After many months of this issue we may have it solved.
It all started over 8 months ago. The radio would reboot and sometimes along with it the power steering went out, (Its electronic) and many times the service stability light would come on.
At times breaking as I left my driveway correlated with it. My dealer has been great. They replaced the Radio as a customer satisfaction issue as my warranty expired during the time I was trying to isolate this intermittent issue. 

After the radio was replaced it was fine for months, then recently out of nowhere it happened again. I looked on this site and saw where some dealer was pursuing the battery accessory connections.
This made sense as I saw this a s a systemic electrical issue, especially after the the radio was replaced. The latest recurrence was happening about every 30 to 60 seconds. It was bad. 
I lifted the hood and began tugging on all the battery accessory wires, I also opened the fuse box under the hood and pushed on all fuses. It has not happened again in over 3 weeks. 

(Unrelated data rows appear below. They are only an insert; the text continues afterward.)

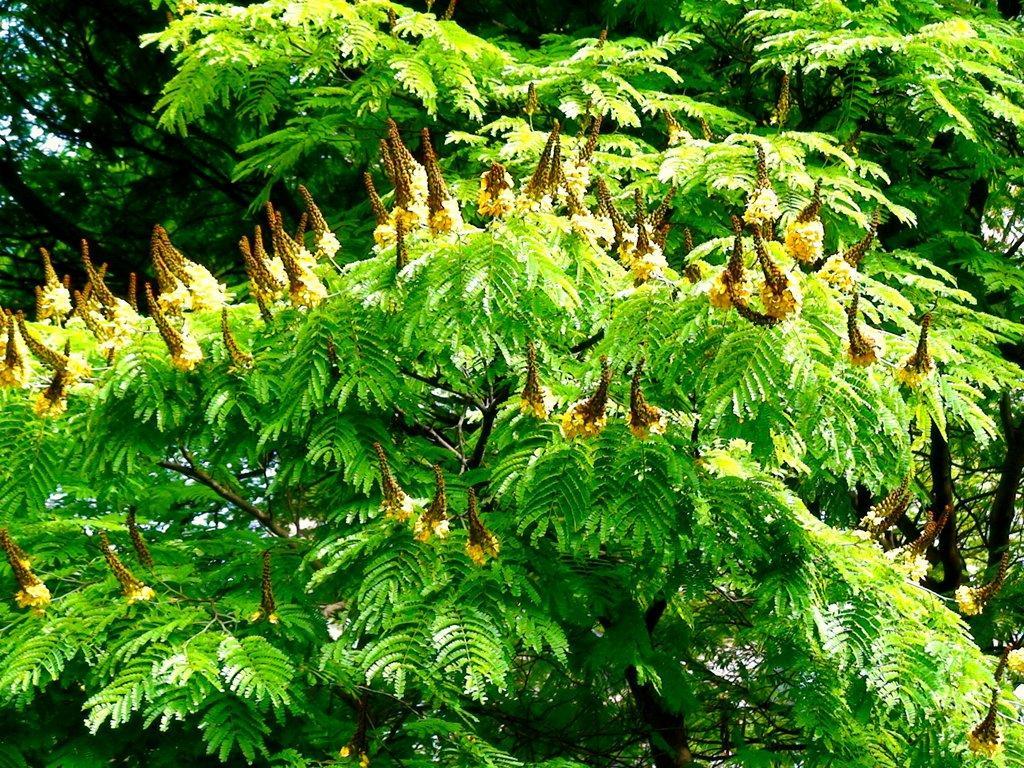Please provide a concise description of this image. In the image there are trees with leaves and also there are yellow flowers. 
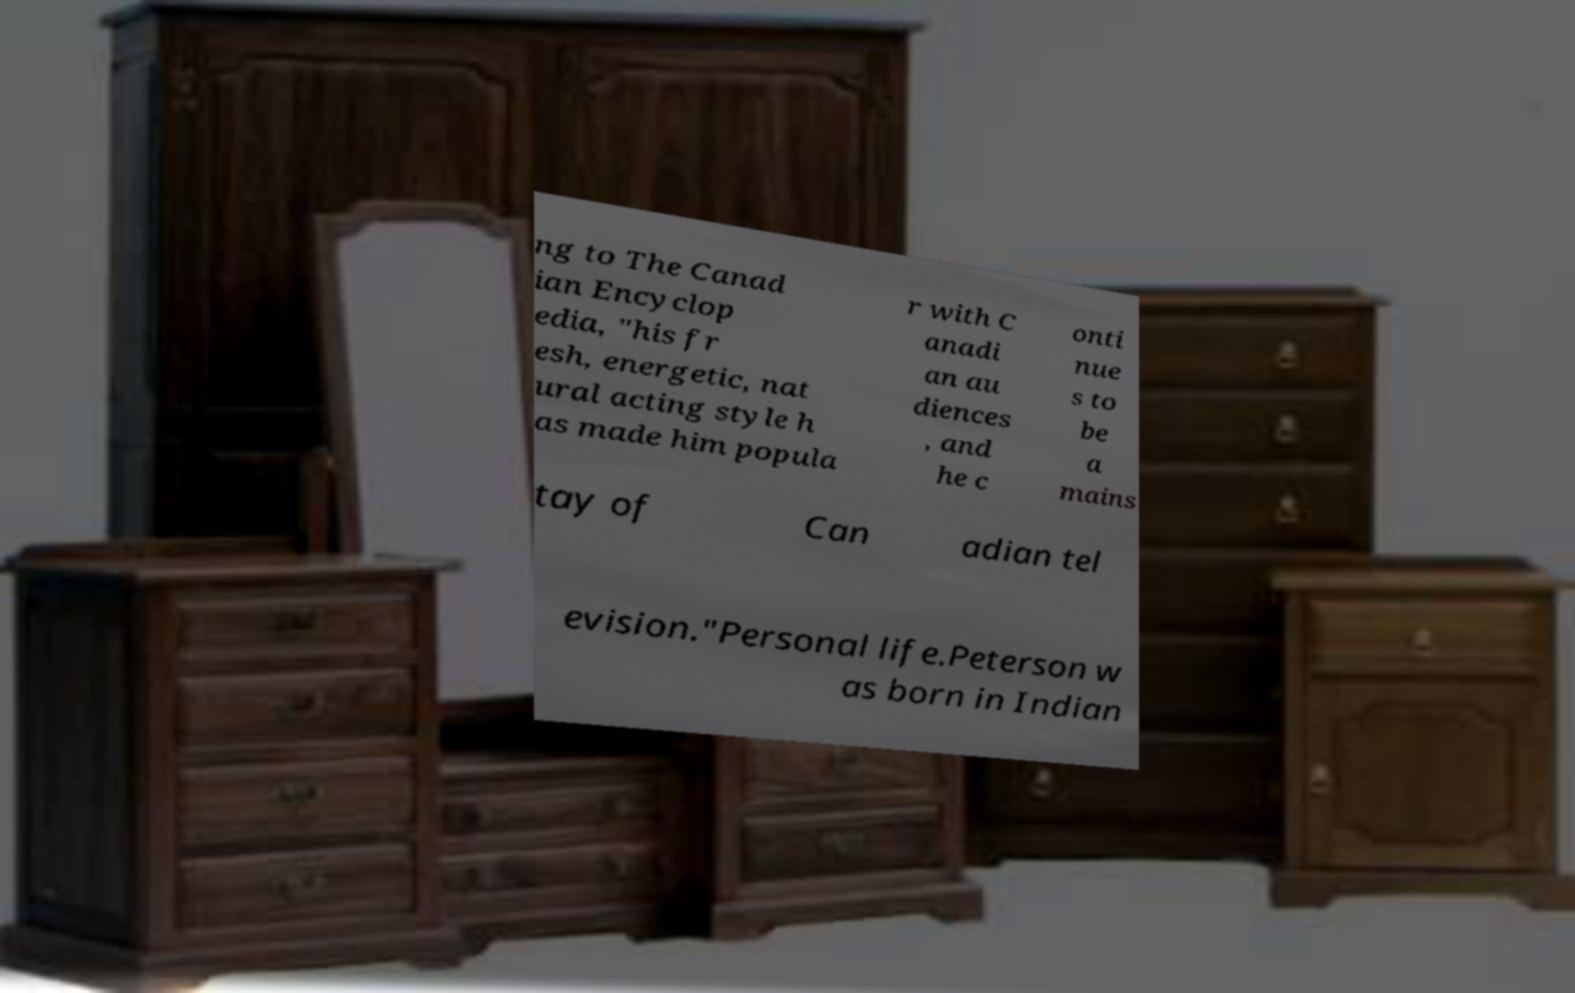What messages or text are displayed in this image? I need them in a readable, typed format. ng to The Canad ian Encyclop edia, "his fr esh, energetic, nat ural acting style h as made him popula r with C anadi an au diences , and he c onti nue s to be a mains tay of Can adian tel evision."Personal life.Peterson w as born in Indian 
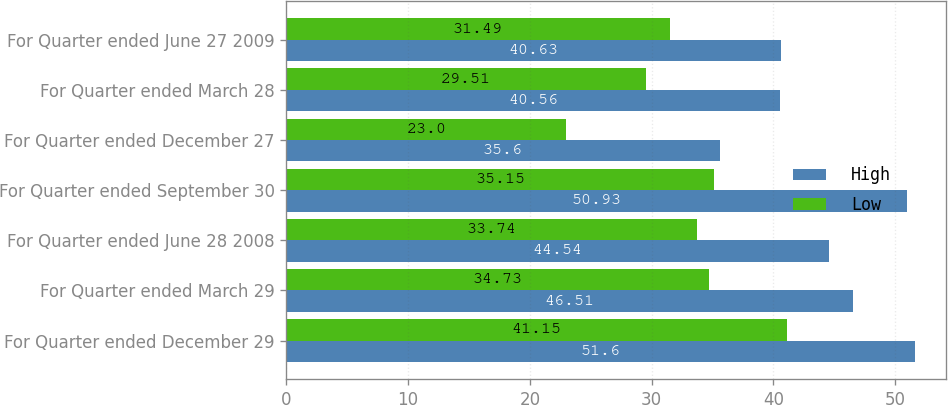Convert chart. <chart><loc_0><loc_0><loc_500><loc_500><stacked_bar_chart><ecel><fcel>For Quarter ended December 29<fcel>For Quarter ended March 29<fcel>For Quarter ended June 28 2008<fcel>For Quarter ended September 30<fcel>For Quarter ended December 27<fcel>For Quarter ended March 28<fcel>For Quarter ended June 27 2009<nl><fcel>High<fcel>51.6<fcel>46.51<fcel>44.54<fcel>50.93<fcel>35.6<fcel>40.56<fcel>40.63<nl><fcel>Low<fcel>41.15<fcel>34.73<fcel>33.74<fcel>35.15<fcel>23<fcel>29.51<fcel>31.49<nl></chart> 
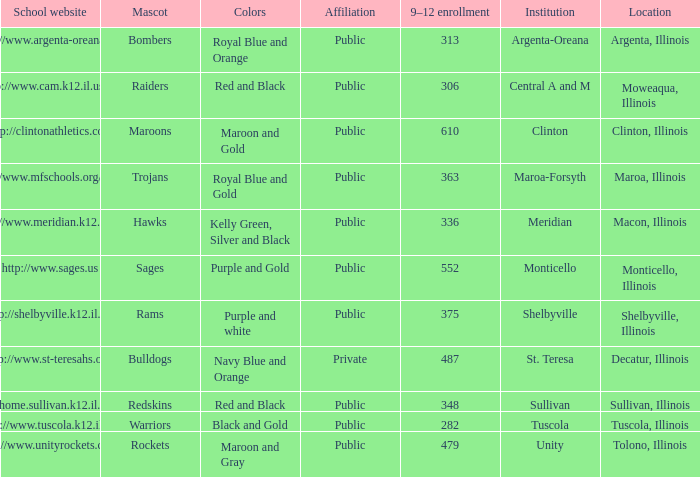What colors can you see players from Tolono, Illinois wearing? Maroon and Gray.

In the meantime I called the dealer and they had me bring it in again. They checked for excessive voltage drops across the battery accessory connections. They reported that the harness was likely the issue with the high voltage drops. I take in Thursday as the parts had to be ordered. As it turns out the radio will power down if it sees a significant voltage drop to protect itself. It appears the positive battery accessory harness is defective and causing this issue. (these multiple connections feed all the cars accessories and electronic systems. We will see once the cables are replaced. In the meantime its still not failing..... so did tugging on those connections temporarily correct it? Only time will tell. In the end, most late model automobiles are very complex with electronically controlled engines, brakes, antilock brakes, stability control, air bag systems, OnStar, Satellite, etc Whats important is to treat the dealer and the parent company with respect and calmly explain the issue to them and how much you love the car otherwise. I did this and I am very pleased with GM and my dealer. They are working to make it right. This site is an excellent site to communicate issues to the dealer and to corporate HQ. Thanks to all who have shared their Cruze radio issues that helped me get on the right track. Besides this frustrating issue, I really love this car! Happy New Year!


----------



## babyfish64 (Jan 5, 2014)

I also was having problems like you and took it in today. I had video taped the radio and the flashing on the dashboard so that they didn't think I was crazy. At first all of these things did not happen, but the mechanic was pulling it back out to give it to me and when he turned the steering wheel all the lights came on and the radio started blinking. They repaired the frayed wires in the electronic brake control module harness. Thank God for the extended warranty that I purchased with the car. I hope this is the answer because I love my Cruze. Thanks to this forum because I was able to provide the mechanic with some possibilities as to what could be wrong and I think that helped as well.


----------